Bahwa kewajiban memberikan informasi dan kriteria ke-adekuat-an informasi ditentukan


bagaimana biasanya dilakukan dalam komunitas tenaga medis. Dalam standar ini ada kemungkinan
bahwa kebiasaan tersebut di atas tidak sesuai dengan nilai-nilai sosial setempat, misalnya resiko yang
”tidak bermakna” (menurut medis) tidak diinformasikan, padahal mungkin bermakna dari sisi sosial
pasien.

b. Standar Subyektif

Bahwa keputusan harus didasarkan atas nilai-nilai yang dianut oleh pasien secara pribadi,
sehingga informasi yang diberikan harus memadai untuk pasien tersebut dalam membuat keputusan.
Kesulitannya adalah mustahil (dalam hal waktu/kesempatan) bagi profesional medis memahami nilai-
nilai yang secara individual dianut oleh pasien.

c. Standar pada reasonable person

Standar ini merupakan hasil kompromi dari kedua standar sebelumnya, yaitu dianggap
cukup apabila informasi yang diberikan telah memenuhi kebutuhan umumnya orang awam.

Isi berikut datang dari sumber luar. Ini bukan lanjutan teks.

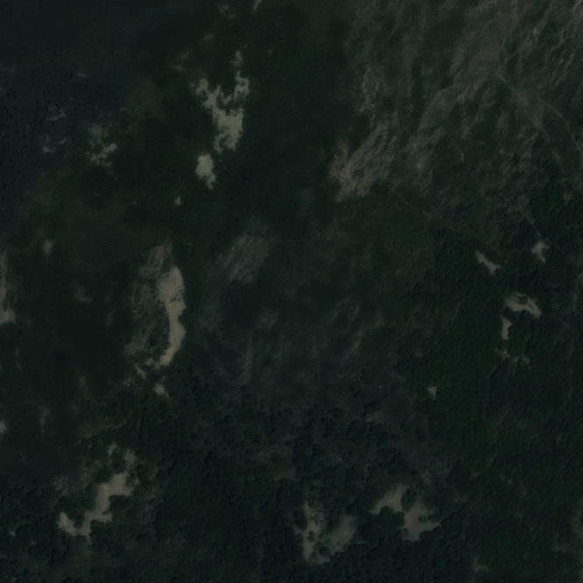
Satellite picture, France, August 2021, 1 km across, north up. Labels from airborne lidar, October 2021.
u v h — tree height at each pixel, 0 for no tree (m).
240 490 16
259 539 15
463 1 0
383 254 0
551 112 0
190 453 19
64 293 0
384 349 0
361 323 0
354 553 18
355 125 0
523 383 18
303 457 18
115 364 0
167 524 16
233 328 0
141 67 0
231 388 0
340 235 0
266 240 0
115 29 0
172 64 0
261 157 0
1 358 0
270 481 8
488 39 0
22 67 0
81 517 12
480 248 11
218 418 14
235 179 0
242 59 0
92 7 0
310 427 12
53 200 0
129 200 0
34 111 0
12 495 19
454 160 0
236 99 0
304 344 0
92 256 0
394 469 14
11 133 0
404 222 0
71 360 0
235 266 0
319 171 0
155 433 18
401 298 8
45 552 15
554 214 10
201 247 0
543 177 8
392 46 0
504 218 11
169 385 0
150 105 0
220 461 16
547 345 14
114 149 0
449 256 17
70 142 0
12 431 0
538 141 7
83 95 0
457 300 8
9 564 12
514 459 21
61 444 0
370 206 0
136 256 0
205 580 12
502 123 0
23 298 0
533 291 21
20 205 0
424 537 14
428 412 14
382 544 15
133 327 0
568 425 15
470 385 17
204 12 0
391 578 16
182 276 0
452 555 9
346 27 0
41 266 0
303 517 14
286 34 0
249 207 0
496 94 0
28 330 0
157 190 0
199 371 0
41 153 0
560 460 18
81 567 0
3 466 0
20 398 0
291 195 0
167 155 0
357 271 0
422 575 8
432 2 0
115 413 11
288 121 0
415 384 15
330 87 0
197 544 15
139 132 0
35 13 0
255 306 0
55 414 0
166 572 7
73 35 0
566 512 12
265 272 0
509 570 16
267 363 0
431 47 0
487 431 7
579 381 12
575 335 9
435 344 11
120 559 9
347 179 0
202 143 0
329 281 0
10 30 0
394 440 12
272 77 0
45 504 14
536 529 8
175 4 0
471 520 10
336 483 12
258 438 10
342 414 14
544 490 14
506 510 14
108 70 0
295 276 0
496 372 11
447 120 0
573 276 9
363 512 17
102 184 0
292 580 18
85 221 0
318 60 0
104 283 0
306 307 0
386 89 0
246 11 0
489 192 12
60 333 0
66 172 0
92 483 10
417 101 0
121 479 0
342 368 0
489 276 14
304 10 0
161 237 0
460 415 15
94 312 0
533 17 0
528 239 16
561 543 9
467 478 10
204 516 8
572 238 13
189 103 0
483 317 18
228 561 10
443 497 9
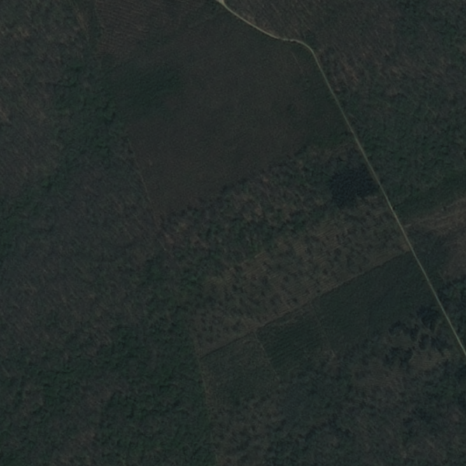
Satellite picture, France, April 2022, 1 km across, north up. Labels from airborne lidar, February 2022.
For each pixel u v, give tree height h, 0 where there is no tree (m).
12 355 23
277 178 28
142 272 29
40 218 27
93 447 24
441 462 29
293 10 27
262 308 29
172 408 20
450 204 0
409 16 29
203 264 27
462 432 22
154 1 6
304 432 31
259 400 25
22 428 21
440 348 29
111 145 32
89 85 27
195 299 26
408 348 0
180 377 24
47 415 24
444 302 22
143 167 11
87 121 22
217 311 23
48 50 31
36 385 28
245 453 28
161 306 26
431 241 21
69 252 32
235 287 0
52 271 30
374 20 26
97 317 30
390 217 0
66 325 29
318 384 26
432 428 26
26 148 31
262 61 12
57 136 29
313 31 28
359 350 21
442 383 23
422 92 31
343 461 24
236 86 10
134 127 12
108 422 24
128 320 27
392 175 23
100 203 28
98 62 26
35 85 29
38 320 29
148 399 25
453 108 29
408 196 22
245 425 25
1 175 23
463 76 31
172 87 20
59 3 31
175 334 25
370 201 0
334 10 28
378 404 28
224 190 9
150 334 29
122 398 25
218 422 25
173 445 21
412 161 22
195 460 26
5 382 28
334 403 26
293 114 11
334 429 27
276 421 23
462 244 0
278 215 32
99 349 27
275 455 26
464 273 0
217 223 24
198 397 21
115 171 29
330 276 24
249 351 0
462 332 20
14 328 29
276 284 0
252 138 10
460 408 26
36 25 26
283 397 22
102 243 33
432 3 26
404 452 25
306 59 11
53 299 27
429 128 29
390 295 16
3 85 28
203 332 0
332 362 20
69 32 31
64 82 24
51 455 20
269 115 12
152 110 17
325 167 23
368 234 26
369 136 23
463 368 23
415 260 15
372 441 24
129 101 19
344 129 11
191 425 25
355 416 24
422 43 31
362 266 0
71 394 26
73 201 0
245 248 28
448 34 27
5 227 23
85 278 33
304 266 27
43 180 26
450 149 23
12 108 31
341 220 25
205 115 10
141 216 27
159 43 10
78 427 28
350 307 0
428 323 27
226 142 10
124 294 31
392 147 26
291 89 11
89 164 26
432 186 21
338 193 29
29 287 28
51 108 31
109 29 6
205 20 11
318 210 26
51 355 23
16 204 25
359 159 23
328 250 26
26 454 22
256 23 0
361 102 28
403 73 30
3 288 28
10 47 30
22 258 27
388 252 25
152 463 25
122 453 26
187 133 10
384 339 24
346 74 28
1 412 27
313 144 12
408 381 0
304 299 0
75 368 23
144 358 26
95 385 27
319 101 9
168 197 13
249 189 29
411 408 26
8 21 27
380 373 0
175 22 8
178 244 28
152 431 30
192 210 17
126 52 6
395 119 29
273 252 26
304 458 26
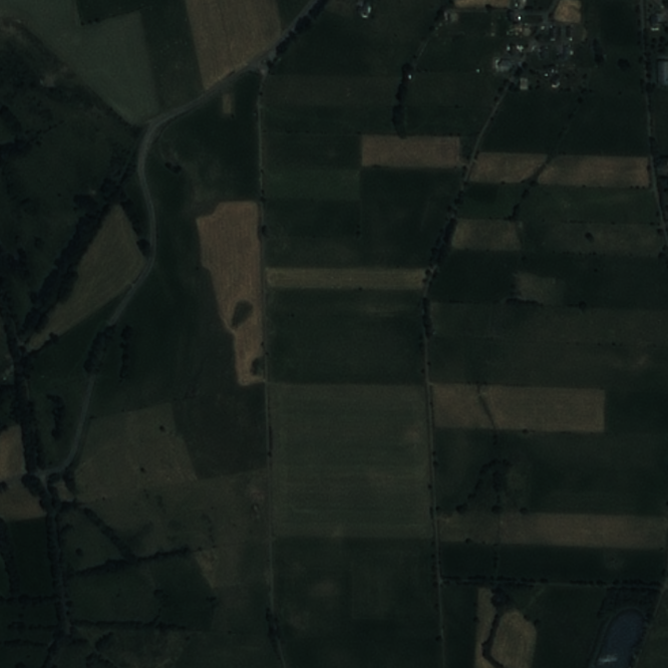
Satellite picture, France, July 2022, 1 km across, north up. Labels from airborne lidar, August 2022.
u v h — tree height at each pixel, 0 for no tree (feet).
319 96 0
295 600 0
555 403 0
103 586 0
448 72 0
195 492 0
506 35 0
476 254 0
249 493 0
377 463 0
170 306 0
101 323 0
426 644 0
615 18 0
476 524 0
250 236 0
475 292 0
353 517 0
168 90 0
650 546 0
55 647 51
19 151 70
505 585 26
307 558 0
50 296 70
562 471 0
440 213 0
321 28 0
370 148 0
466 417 0
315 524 0
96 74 0
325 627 0
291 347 0
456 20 0
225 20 0
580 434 0
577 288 0
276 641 17
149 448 0
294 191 0
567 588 0
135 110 0
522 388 0
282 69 0
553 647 0
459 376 0
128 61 0
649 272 0
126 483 0
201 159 0
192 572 0
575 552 0
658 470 0
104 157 0
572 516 0
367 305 0
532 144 0
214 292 0
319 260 0
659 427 0
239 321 0
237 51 0
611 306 0
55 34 0
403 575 0
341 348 0
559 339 0
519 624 0
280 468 0
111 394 0
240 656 0
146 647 0
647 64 33
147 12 0
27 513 0
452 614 0
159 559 31
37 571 0
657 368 0
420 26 0
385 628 0
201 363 0
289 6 0
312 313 0
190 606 0
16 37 0
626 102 0
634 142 0
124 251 0
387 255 0
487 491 0
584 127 0
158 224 0
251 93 0
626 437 0
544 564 0
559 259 0
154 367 0
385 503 0
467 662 0
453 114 0
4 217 0
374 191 0
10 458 0
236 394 0
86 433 0
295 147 0
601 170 0
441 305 0
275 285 0
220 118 0
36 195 0
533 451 0
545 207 0
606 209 0
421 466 0
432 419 0
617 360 0
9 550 53
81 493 0
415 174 0
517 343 0
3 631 0
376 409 0
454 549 0
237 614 0
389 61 0
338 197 0
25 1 0
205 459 0
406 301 0
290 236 0
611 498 0
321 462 0
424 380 0
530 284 0
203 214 0
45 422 0

Pengertian Informed Choice

Informed Choice berarti membuat pilihan setelah mendapatkan penjelasan tentang alternatif asuhan
yang akan dialaminya, pilihan (choice) harus dibedakan dari persetujuan (concent). Persetujuan penting
dari sudut pandang bidan, karena itu berkaitan dengan aspek hukum yang memberikan otoritas untuk
semua prosedur yang dilakukan oleh bidan. Sedangkan pilihan (choice) lebih penting dari sudut pandang
wanita (pasien) sebagai konsumen penerima jasa asuhan kebidanan.

2.9 Tujuan Informed Choice

Tujuannya adalah untuk mendorong wanita memilih asuhannya. Peran bidan tidak hanya
membuat asuhan dalam manajemen asuhan kebidanan tetapi juga menjamin bahwa hak wanita untuk
memilih asuhan dan keinginannya terpenuhi. Hal ini sejalan dengan kode etik internasional bidan yang
dinyatakan oleh ICM 1993, bahwa bidan harus menghormati hak wanita setelah mendapatkan
penjelasan dan mendorong wanita untuk menerima tanggung jawab untuk hasil dari pilihannya.,,

Daftar pustaka

Ratih Kusuma Wardhani. 2009. Tinjauan Yuridis Persetujuan Tindakan Medis (Informed Consent) Di Rsup
Dr. Kariadi Semarang. Tesis tidak diterbitkan. Semarang: FH Universitas Diponegoro.
· Samil, Ratna Suprapti. Etika Kedokteran Indonesia, Yayasan Bina Pustaka: Jakarta.,

· Informed Consent dan Informed Refusal, Penerbit Fakultas Kedokteran UI, 2003.